The Criminal Justice System should try rehabilitation before trying to ‘transform’ it.  It could learn something from the rehabilitation principle of delayed or deferred gratification (meaning to resist the temptation for an immediate reward and wait for a later reward) rather than going, it seems, always going for the quick-win or instant gratification, much like the AC that just had to "kick off doors" in the anecdote above

Best regards

Huseyin

1 Comments:

At January 21, 2014 at 5:50 PM , Anonymous Steve Rolles said...

maybe we should be thinking not just about improving prison based services, but also asking why our prisons are full of drug users and drug dealers in the first place?
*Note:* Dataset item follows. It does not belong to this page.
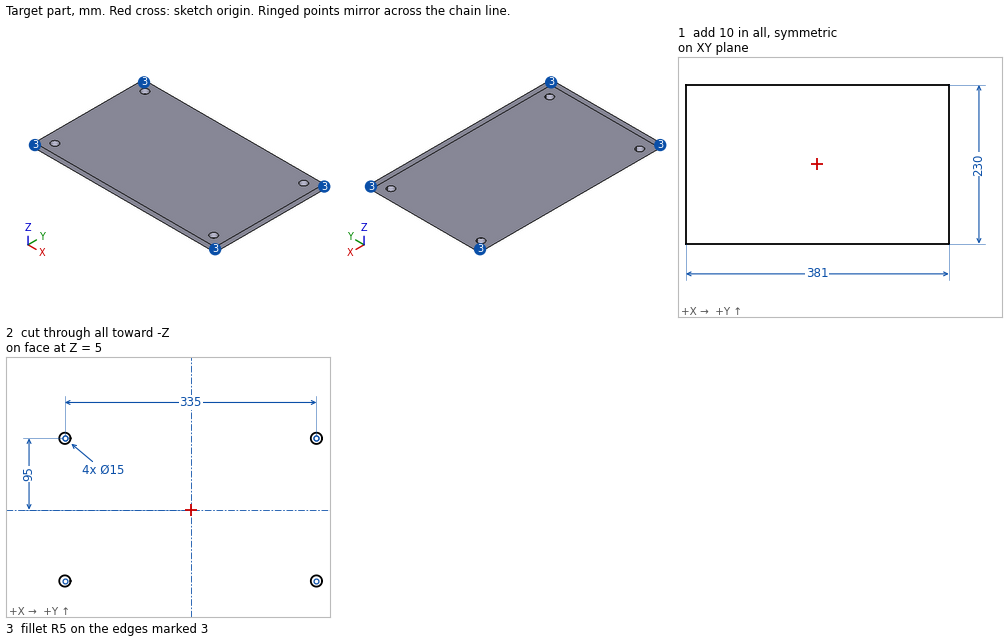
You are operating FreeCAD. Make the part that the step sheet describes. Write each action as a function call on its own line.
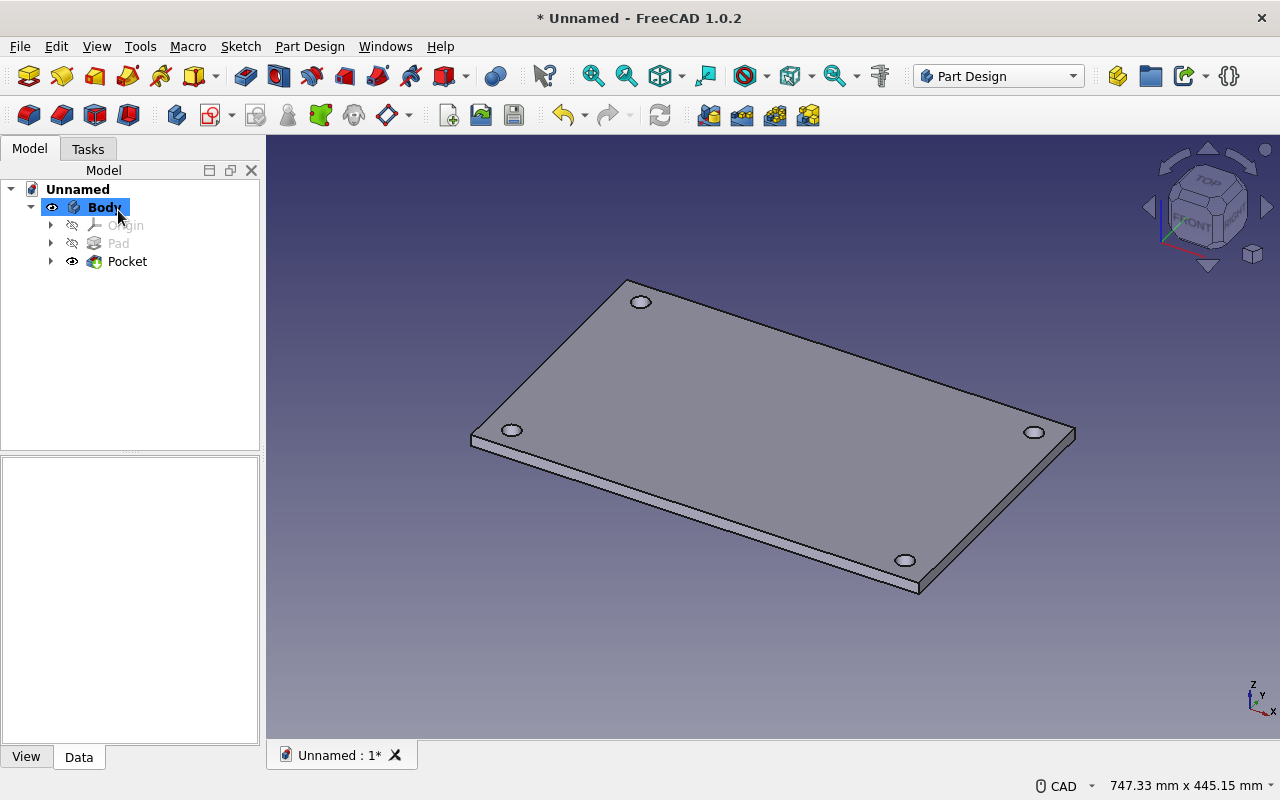
click(919, 589)
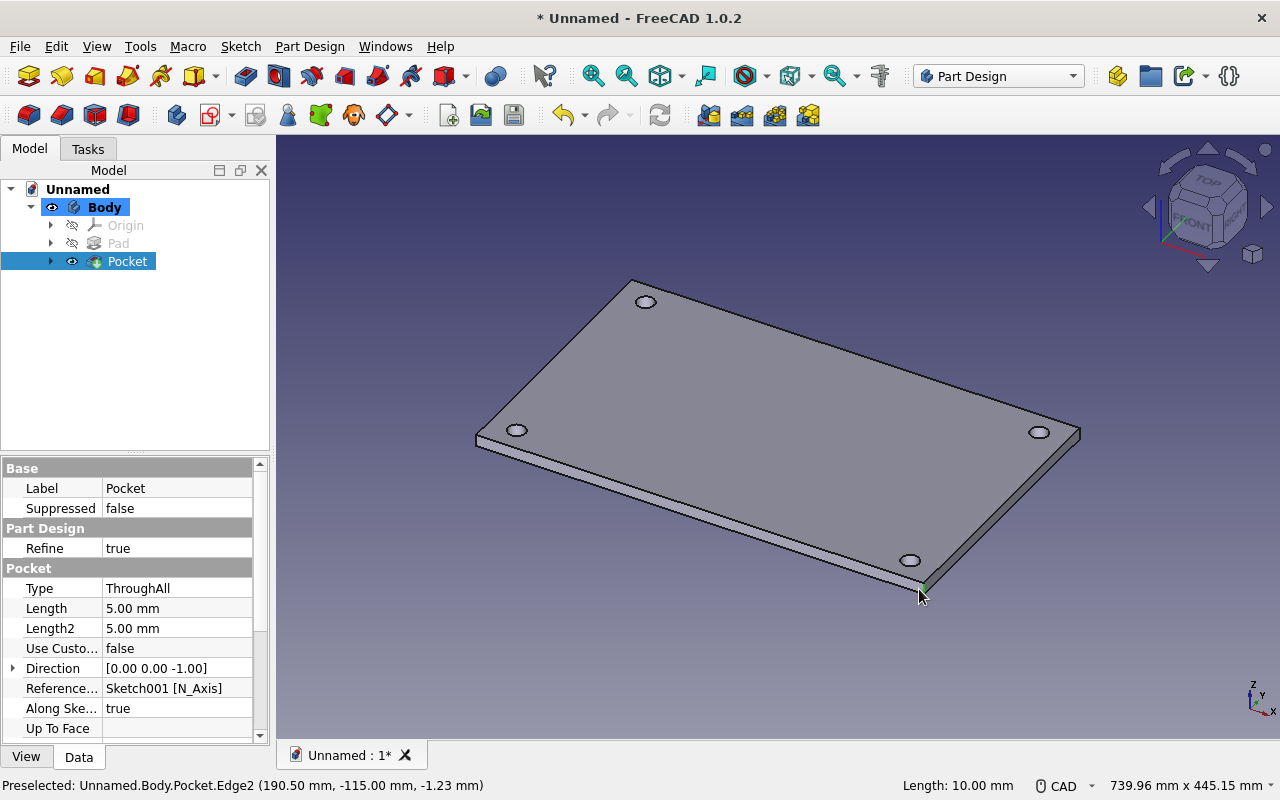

It is not just that is the most socially marginalised and disadvantaged that tend to get involved with drug markets or become problematic users - it is also the fact that we have opted for a punitive criminal justice paradigm in drug policy more broadly. If we see problematic use as fundamentally a health issue - why are the police and courts our front line response, and if the option is gansters controlling the market or some form of government controlled and regulated market (whether that is a prescription opiate model or some form of licensed retailing) - why would we choose the former when the costs are so great and the outcomes - as you describe - so awful.

We should look beyond prison reform to the wider policy environment that is driving the prisons crisis in the first place. This means a broader paradigm shift away from criminalization and punitive prohibitions, towards public health investment, treatment provision before people get entangled with the CJS, and appropriately regulated markets to dis-empower the gangsters and criminals who currently run the show.